Однажды на заседание штаба Костя Лепилин пришел с невысоким сухоньким старичком. Косматые седые брови старика воинственно торчали, и поэтому особенно неожиданно выглядели глаза, поблескивающие неукротимой молодостью и задором. В глубокие борозды морщин на его лице въелась давнишняя металлическая пыль.

— Познакомьтесь, — представил нам старика Лепилин, — мой дед, Михаил Иванович...

— Здравствуйте, молодые люди.

Бросив на каждого из нас быстрый, но цепкий, как бы проверяющий взгляд, Михаил Иванович сел за стол и провел ладонью по сухим губам. Ладонь у него была маленькая, но на вид крепкая и тоже пропитанная синеватым металлом.

— В комсомол таких, как я, принимаете? — спросил он, улыбнувшись. — Или, на ваш взгляд, уже устарел?

— Принимаем, — почему-то басом за всех ответила Нина.

То ли над этим басом, то ли от вопроса Костиного деда все весело рассмеялись. Нам сразу понравился Костин старик.

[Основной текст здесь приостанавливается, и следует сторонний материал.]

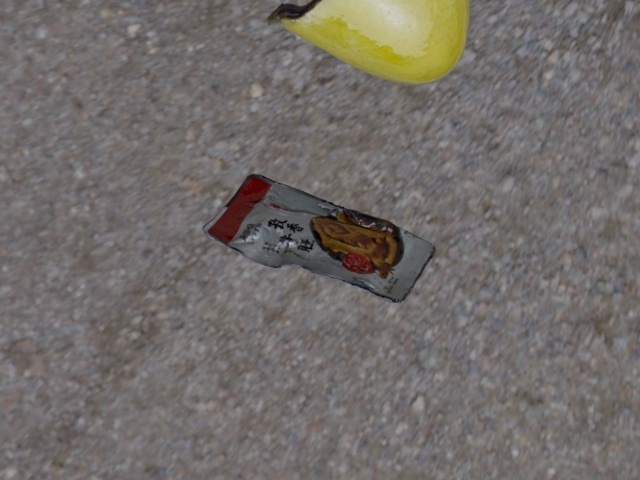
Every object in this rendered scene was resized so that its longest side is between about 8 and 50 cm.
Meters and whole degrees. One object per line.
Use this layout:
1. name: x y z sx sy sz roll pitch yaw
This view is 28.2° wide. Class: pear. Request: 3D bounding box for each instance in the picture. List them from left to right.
1. pear: 0.093 -0.262 1.444 0.267 0.267 0.178 -36 98 23

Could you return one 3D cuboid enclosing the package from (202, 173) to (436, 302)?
1. package: 0.000 0.000 1.423 0.239 0.154 0.030 19 122 12
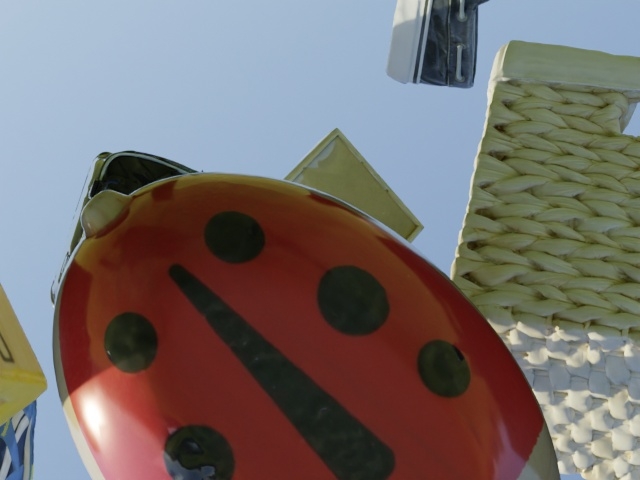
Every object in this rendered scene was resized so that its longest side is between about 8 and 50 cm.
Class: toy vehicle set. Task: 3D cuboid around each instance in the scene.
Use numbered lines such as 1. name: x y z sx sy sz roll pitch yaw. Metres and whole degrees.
1. toy vehicle set: 0.000 0.000 2.150 0.035 0.166 0.267 -35 -171 46

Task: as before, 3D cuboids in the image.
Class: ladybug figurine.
1. ladybug figurine: -0.009 0.130 1.321 0.305 0.449 0.162 -48 -179 -7

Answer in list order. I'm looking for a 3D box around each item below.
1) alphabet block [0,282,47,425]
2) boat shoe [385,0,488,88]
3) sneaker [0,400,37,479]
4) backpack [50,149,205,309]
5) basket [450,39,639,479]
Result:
1. alphabet block: -0.370 0.078 1.461 0.192 0.197 0.193 -39 155 18
2. boat shoe: 0.151 -0.304 1.981 0.119 0.335 0.121 11 -131 2
3. sneaker: -0.317 0.185 1.809 0.059 0.144 0.053 8 163 -40
4. backpack: -0.177 0.026 2.170 0.253 0.225 0.191 18 173 -13
5. basket: 0.287 0.036 1.560 0.328 0.331 0.266 9 -118 12
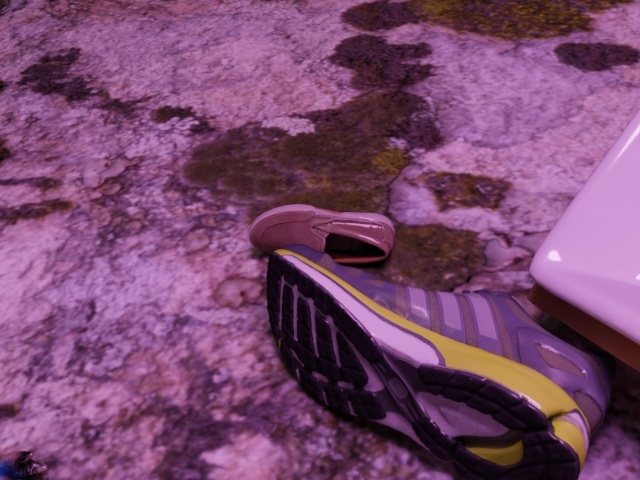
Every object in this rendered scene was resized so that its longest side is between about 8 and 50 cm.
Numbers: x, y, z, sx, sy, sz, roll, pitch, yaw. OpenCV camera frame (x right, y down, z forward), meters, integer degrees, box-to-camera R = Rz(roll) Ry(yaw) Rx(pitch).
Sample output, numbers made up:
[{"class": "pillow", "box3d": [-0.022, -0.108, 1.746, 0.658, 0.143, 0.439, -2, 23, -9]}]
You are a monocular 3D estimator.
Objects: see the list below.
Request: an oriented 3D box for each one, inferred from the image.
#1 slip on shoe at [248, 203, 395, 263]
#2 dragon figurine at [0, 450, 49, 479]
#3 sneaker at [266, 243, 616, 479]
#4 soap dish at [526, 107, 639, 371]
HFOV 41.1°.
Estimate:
[{"class": "slip on shoe", "box3d": [0.000, 0.000, 0.779, 0.135, 0.051, 0.041, 4, 38, 3]}, {"class": "dragon figurine", "box3d": [-0.262, 0.206, 0.546, 0.289, 0.085, 0.144, 7, 41, 17]}, {"class": "sneaker", "box3d": [0.078, 0.079, 0.641, 0.300, 0.111, 0.121, 28, 38, 33]}, {"class": "soap dish", "box3d": [0.290, 0.006, 0.539, 0.229, 0.118, 0.291, -54, 24, 2]}]
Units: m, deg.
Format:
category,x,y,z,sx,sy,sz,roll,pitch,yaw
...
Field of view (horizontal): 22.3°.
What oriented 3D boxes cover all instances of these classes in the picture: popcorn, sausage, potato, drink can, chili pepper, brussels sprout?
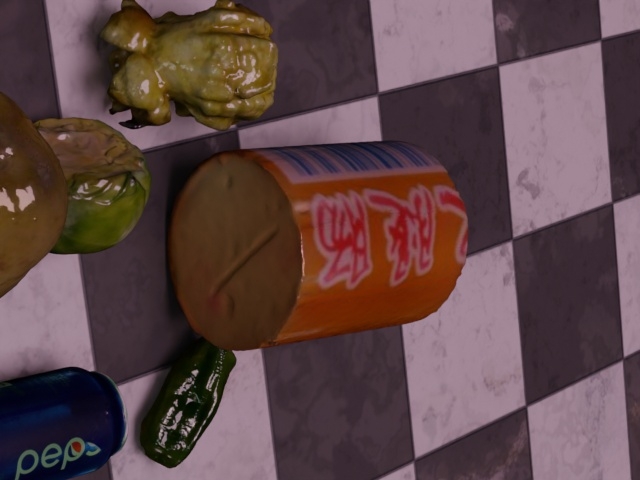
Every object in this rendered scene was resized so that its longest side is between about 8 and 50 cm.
category,x,y,z,sx,sy,sz,roll,pitch,yaw
popcorn,-0.143,-0.196,1.772,0.195,0.168,0.174,-3,112,-8
sausage,0.000,0.000,1.874,0.287,0.233,0.233,-6,99,-46
potato,-0.355,-0.051,1.501,0.242,0.242,0.285,-48,115,-31
drink can,-0.303,0.198,1.664,0.205,0.118,0.118,-11,102,-43
chili pepper,-0.142,0.161,1.864,0.072,0.073,0.204,39,65,-26
brussels sprout,-0.257,-0.049,1.683,0.149,0.151,0.122,-54,164,-59
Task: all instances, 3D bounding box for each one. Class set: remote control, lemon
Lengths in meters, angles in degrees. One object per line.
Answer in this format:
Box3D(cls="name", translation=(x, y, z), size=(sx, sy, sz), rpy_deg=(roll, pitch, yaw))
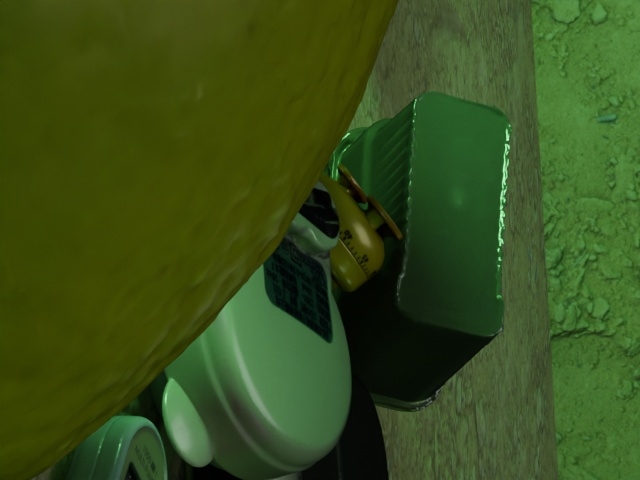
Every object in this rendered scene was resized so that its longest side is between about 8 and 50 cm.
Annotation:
Box3D(cls="remote control", translation=(-0.133, 0.205, 0.950), size=(0.087, 0.047, 0.244), rpy_deg=(70, 24, -43))
Box3D(cls="lemon", translation=(-0.140, -0.089, 0.422), size=(0.348, 0.348, 0.348), rpy_deg=(-2, 90, -75))

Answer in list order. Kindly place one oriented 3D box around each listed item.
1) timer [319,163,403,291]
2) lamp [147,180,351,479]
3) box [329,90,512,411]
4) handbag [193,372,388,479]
Box3D(cls="timer", translation=(0.000, 0.000, 1.416), size=(0.107, 0.109, 0.107), rpy_deg=(51, -3, 4))
Box3D(cls="lamp", translation=(-0.055, 0.052, 1.142), size=(0.179, 0.108, 0.246), rpy_deg=(43, 43, -51))
Box3D(cls="box", translation=(0.091, -0.001, 1.522), size=(0.178, 0.138, 0.274), rpy_deg=(133, -34, -60))
Box3D(cls="handbag", translation=(-0.016, 0.214, 1.304), size=(0.308, 0.093, 0.254), rpy_deg=(-14, 103, -75))
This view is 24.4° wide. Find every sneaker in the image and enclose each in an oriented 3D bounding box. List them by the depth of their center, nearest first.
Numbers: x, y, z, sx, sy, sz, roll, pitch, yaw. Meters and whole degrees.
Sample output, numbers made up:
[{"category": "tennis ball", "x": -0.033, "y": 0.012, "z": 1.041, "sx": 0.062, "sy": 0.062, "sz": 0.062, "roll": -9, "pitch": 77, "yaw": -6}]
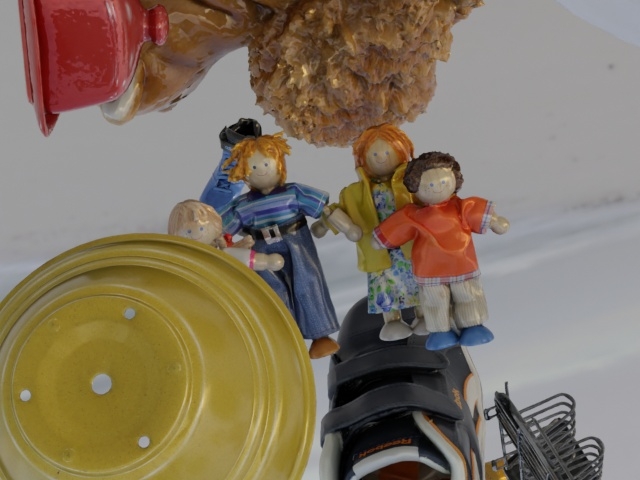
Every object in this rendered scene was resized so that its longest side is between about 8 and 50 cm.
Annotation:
[{"category": "sneaker", "x": 0.065, "y": 0.151, "z": 1.171, "sx": 0.126, "sy": 0.321, "sz": 0.127, "roll": -23, "pitch": 140, "yaw": 13}, {"category": "sneaker", "x": -0.117, "y": -0.097, "z": 1.919, "sx": 0.058, "sy": 0.084, "sz": 0.152, "roll": 19, "pitch": -130, "yaw": 16}]

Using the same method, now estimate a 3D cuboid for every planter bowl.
[{"category": "planter bowl", "x": -0.114, "y": 0.088, "z": 0.834, "sx": 0.217, "sy": 0.217, "sz": 0.090, "roll": -16, "pitch": 163, "yaw": 1}]

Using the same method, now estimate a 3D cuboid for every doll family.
[{"category": "doll family", "x": 0.000, "y": 0.000, "z": 1.060, "sx": 0.263, "sy": 0.163, "sz": 0.118, "roll": -11, "pitch": -168, "yaw": 2}]

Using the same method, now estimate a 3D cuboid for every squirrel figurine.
[{"category": "squirrel figurine", "x": -0.056, "y": -0.236, "z": 1.389, "sx": 0.370, "sy": 0.397, "sz": 0.281, "roll": -51, "pitch": -176, "yaw": 9}]

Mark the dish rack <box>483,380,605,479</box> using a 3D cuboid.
[{"category": "dish rack", "x": 0.196, "y": 0.204, "z": 1.066, "sx": 0.074, "sy": 0.208, "sz": 0.271, "roll": -30, "pitch": 156, "yaw": -3}]

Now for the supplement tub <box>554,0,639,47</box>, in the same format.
[{"category": "supplement tub", "x": 0.294, "y": -0.300, "z": 1.000, "sx": 0.241, "sy": 0.331, "sz": 0.241, "roll": 26, "pitch": 179, "yaw": 1}]

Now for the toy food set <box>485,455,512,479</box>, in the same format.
[{"category": "toy food set", "x": 0.208, "y": 0.333, "z": 1.727, "sx": 0.104, "sy": 0.111, "sz": 0.232, "roll": -11, "pitch": 144, "yaw": -33}]

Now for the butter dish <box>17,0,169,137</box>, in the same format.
[{"category": "butter dish", "x": -0.187, "y": -0.181, "z": 1.250, "sx": 0.118, "sy": 0.160, "sz": 0.160, "roll": -1, "pitch": -157, "yaw": -1}]
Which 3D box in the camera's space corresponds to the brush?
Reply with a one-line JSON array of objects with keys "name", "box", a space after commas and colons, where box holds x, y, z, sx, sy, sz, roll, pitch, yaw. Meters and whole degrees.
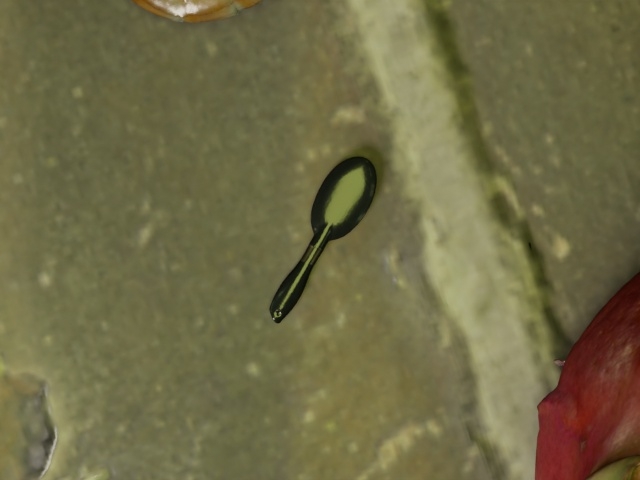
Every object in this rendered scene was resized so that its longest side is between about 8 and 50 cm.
[{"name": "brush", "box": [0.000, 0.000, 0.736, 0.024, 0.008, 0.083, 29, 92, -6]}]

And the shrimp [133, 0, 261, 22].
[{"name": "shrimp", "box": [-0.025, -0.162, 0.717, 0.162, 0.045, 0.095, -37, 74, 4]}]

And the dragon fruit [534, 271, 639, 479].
[{"name": "dragon fruit", "box": [0.222, 0.120, 0.663, 0.290, 0.189, 0.291, 0, 93, -3]}]
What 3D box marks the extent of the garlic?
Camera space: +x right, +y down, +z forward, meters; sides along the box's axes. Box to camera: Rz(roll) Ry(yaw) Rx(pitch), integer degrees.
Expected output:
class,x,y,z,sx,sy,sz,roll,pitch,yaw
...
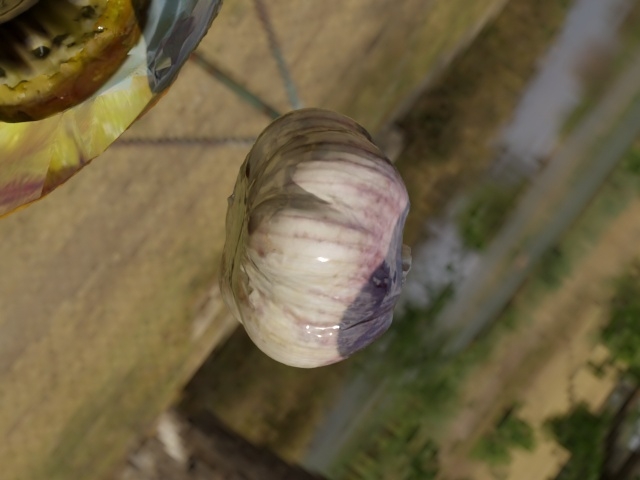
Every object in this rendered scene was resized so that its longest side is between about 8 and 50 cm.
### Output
class,x,y,z,sx,sy,sz,roll,pitch,yaw
garlic,0.000,0.000,1.044,0.159,0.102,0.147,120,-29,-64

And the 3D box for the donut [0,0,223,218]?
class,x,y,z,sx,sy,sz,roll,pitch,yaw
donut,-0.192,-0.161,1.153,0.330,0.160,0.330,-21,126,-31
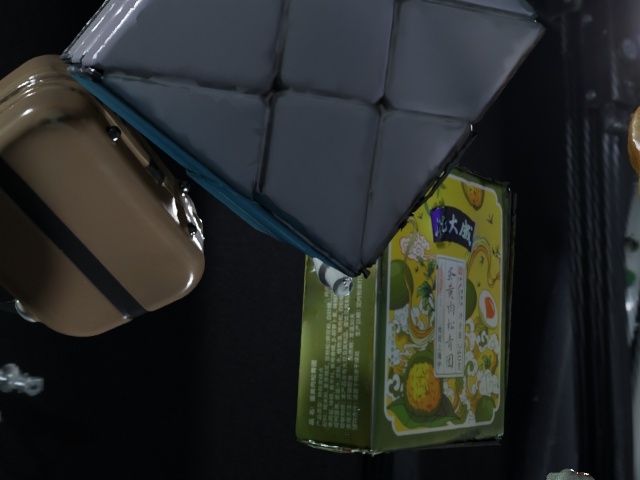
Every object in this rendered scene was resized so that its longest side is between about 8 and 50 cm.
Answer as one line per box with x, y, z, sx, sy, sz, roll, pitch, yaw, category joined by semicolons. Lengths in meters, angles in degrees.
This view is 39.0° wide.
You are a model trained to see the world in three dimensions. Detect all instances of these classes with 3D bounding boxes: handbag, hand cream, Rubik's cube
-0.301;-0.023;1.001;0.302;0.283;0.149;57;-169;-43;handbag
-0.001;0.002;0.995;0.038;0.216;0.052;-14;-60;-7;hand cream
-0.025;-0.138;0.652;0.231;0.224;0.221;39;-95;-20;Rubik's cube

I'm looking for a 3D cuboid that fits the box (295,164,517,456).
0.138;0.092;1.315;0.373;0.138;0.420;11;-101;-50;box

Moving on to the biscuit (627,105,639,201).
0.434;-0.075;0.713;0.351;0.312;0.057;-39;-39;-1;biscuit

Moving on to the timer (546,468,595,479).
0.230;0.255;0.764;0.175;0.255;0.175;29;-155;-15;timer
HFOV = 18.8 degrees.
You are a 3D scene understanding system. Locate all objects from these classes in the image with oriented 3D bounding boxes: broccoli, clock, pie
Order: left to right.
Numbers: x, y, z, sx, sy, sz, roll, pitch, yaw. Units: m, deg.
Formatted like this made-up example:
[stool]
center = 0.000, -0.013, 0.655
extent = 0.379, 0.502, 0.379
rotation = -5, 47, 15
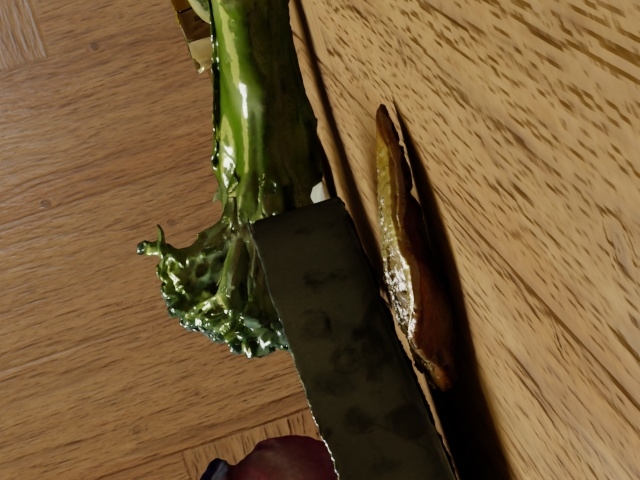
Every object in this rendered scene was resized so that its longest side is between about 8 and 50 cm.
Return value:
[broccoli]
center = -0.039, -0.062, 1.384
extent = 0.165, 0.145, 0.304
rotation = -33, -59, -55
[clock]
center = 0.041, 0.119, 1.197
extent = 0.312, 0.061, 0.312
rotation = -22, -90, -88
[pie]
center = 0.051, 0.019, 1.045
extent = 0.092, 0.034, 0.170
rotation = -96, -6, -51

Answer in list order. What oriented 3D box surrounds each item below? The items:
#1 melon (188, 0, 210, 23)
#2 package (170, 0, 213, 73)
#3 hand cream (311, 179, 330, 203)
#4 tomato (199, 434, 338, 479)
[melon]
center = -0.076, -0.220, 1.486
extent = 0.128, 0.079, 0.160
rotation = 53, -176, -28
[package]
center = -0.104, -0.220, 1.833
extent = 0.047, 0.071, 0.131
rotation = 71, 176, -49
[hand cream]
center = 0.000, 0.000, 1.636
extent = 0.234, 0.050, 0.080
rotation = 82, 170, -46
[tomato]
center = 0.014, 0.321, 1.423
extent = 0.290, 0.335, 0.176
rotation = 27, 180, -43
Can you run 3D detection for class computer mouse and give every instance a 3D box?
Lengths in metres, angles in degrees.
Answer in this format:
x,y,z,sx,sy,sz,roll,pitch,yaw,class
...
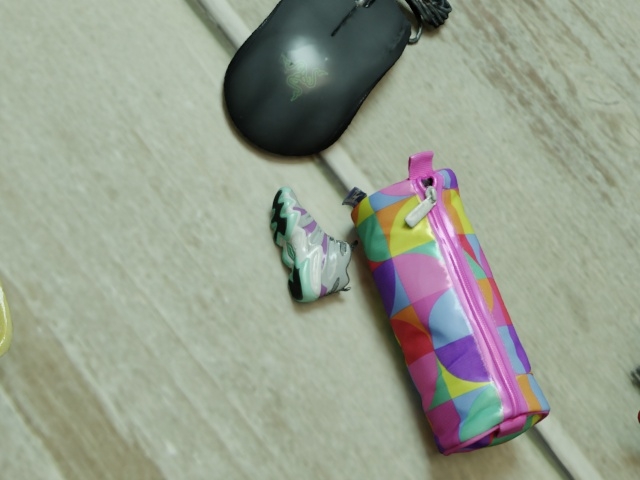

— Ну вот что, комса, — уже серьезно сказал Михаил Иванович, — я к вам по делу. Вступать в комсомол мне, и верно, уже поздновато. А вот помочь вам в работе я еще могу. Дело вот какое.

Коротко, но обстоятельно Михаил Иванович рассказал, что после жалоб Кости на то, что нам зачастую бывает трудновато решать сложные жизненные вопросы, с которыми мы неожиданно сталкиваемся в патруле, он однажды в райкоме партии завел об этом беседу с секретарем. Выслушав Михаила Ивановича, секретарь райкома обещал подумать. А на днях он вызвал старика Лепилина к себе и попросил по мере сил и возможности помочь комсомольскому патрулю.

— Будь у них как бы политкомиссаром, — сказал он, — дела они делают большие, легко и ошибиться. Молодежь, горячка, сами такие были.

Так Михаил Иванович Лепилин снова стал комсомольцем.

Обычно он не вмешивался в текущую работу штаба, сидел в стороне в мягком кресле. На первый взгляд даже могло показаться, что он совсем равнодушен к тому, что происходит вокруг. Но так только казалось.

Мы очень скоро почувствовали, что с его приходом работать стало легче. Не могу сказать, как это он делал. Говорил он немного, и когда мы в жарких спорах между собой обращались к нему за поддержкой, он чаще всего отмалчивался. Но удивительно: каждый из нас теперь мог твердо сказать, правильно он поступил в том или ином случае или неправильно. Очень быстро Михаил Иванович стал совестью нашего комсомольского штаба. Но иногда он очень резко высказывал свое мнение.

Несколько раз случалось и так, что я, убежденный в своей правоте, не соглашался с мнением Михаила Ивановича. Надо признаться, что потом рано или поздно мне приходилось краснеть за свое упрямство.

Один из таких случаев произошел после ареста Волкова. Следствие по его делу заканчивалось, и мы думали, что больше нам ничто не напомнит о его шайке. Но вышло иначе.

Все началось со спора о том, нужно ли привлекать школьников к участию в рейдах комсомольского патруля. Я был уверен, что не нужно. Соображения мои были таковы: участники рейда нередко сталкиваются с позорными, возмутительными явлениями жизни. Нужно ли, чтобы школьники, совсем еще молодые комсомольцы, видели все эти безобразия? Я считал, что не нужно.

#img_31.jpg

Михаил Иванович твердо сказал, что я заблуждаюсь. Но все же наперекор ему я запретил членам штаба брать школьников в рейды. Это была моя первая ссора со штабом, потому что все ребята были на его стороне, а я против. Она меня многому научила, эта ссора, потому что, хотя я и сделал по-своему, но очутился в положении того поручика из старой побасенки, который один идет в ногу, а вся рота не в ногу. Очень смешной, а иногда и трагический образ.